» Data below
•••

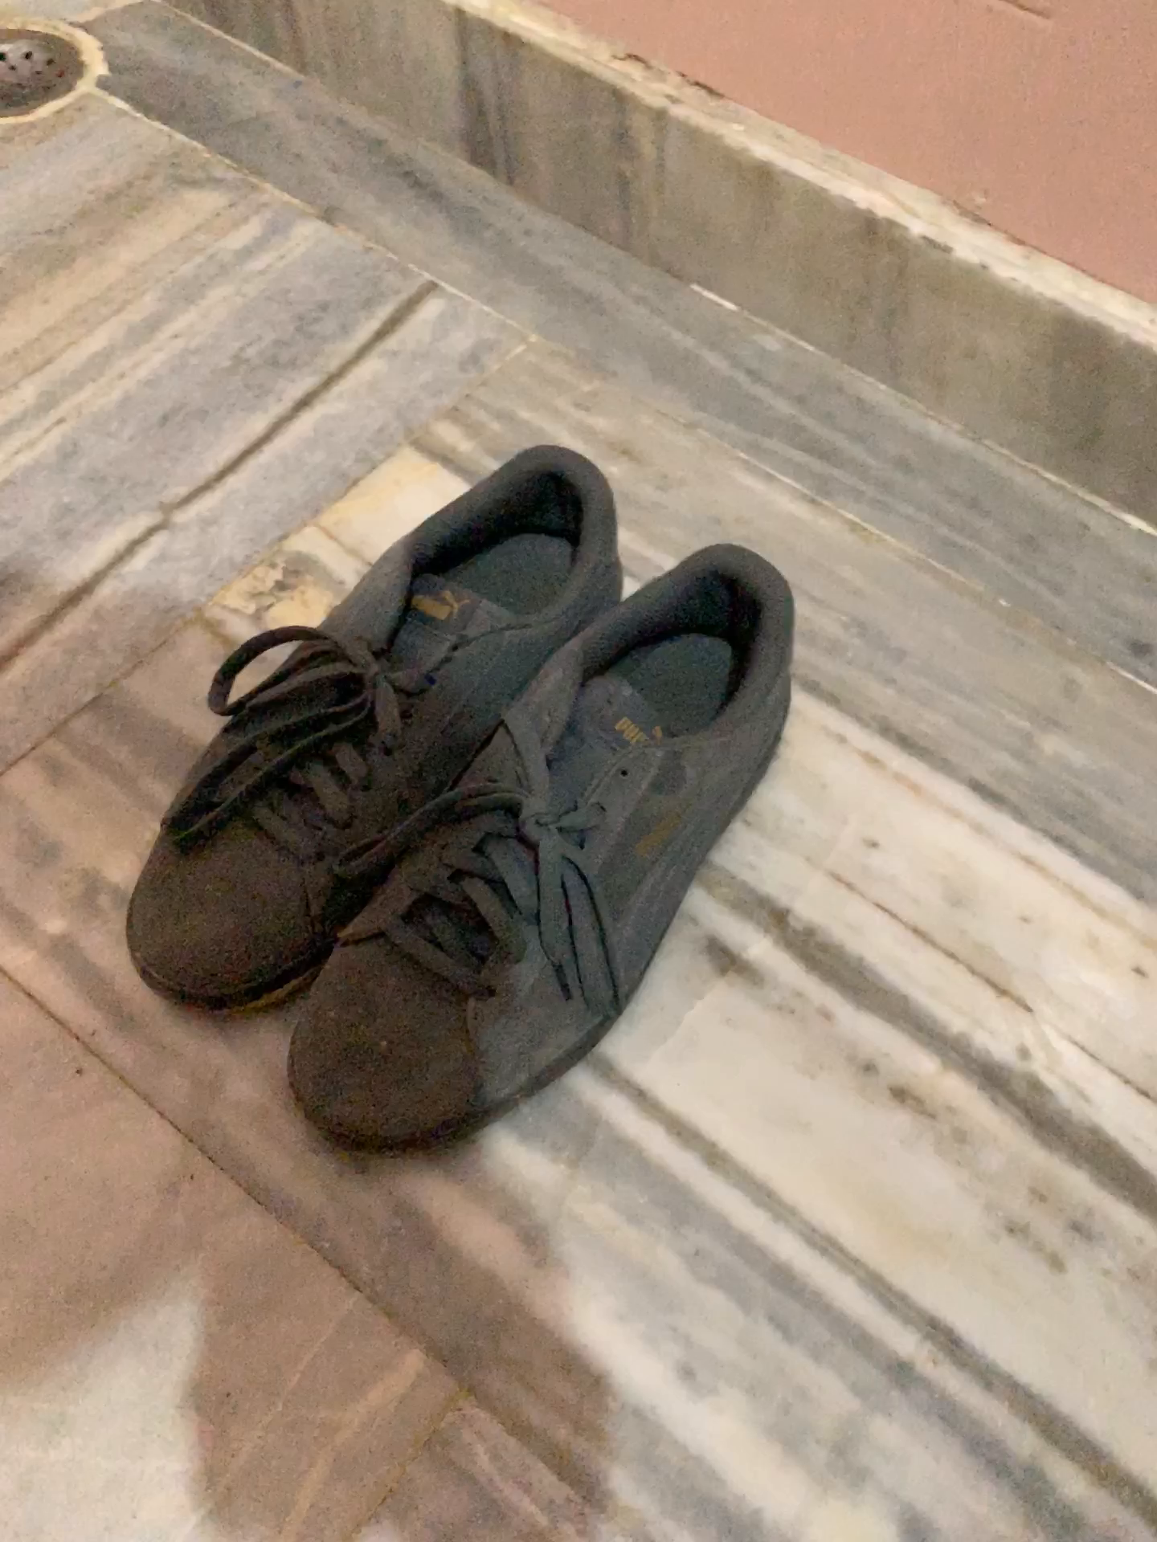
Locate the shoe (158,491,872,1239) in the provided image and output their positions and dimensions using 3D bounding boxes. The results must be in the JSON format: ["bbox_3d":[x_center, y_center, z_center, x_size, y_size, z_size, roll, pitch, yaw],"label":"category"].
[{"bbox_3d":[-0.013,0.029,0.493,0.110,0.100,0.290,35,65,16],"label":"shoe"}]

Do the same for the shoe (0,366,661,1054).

•••

» What the task asks
Aside from the pictures, repeat the listing exactly.

» The answer
Locate the shoe (158,491,872,1239) in the provided image and output their positions and dimensions using 3D bounding boxes. The results must be in the JSON format: ["bbox_3d":[x_center, y_center, z_center, x_size, y_size, z_size, roll, pitch, yaw],"label":"category"].
[{"bbox_3d":[-0.013,0.029,0.493,0.110,0.100,0.290,35,65,16],"label":"shoe"}]

Do the same for the shoe (0,366,661,1054).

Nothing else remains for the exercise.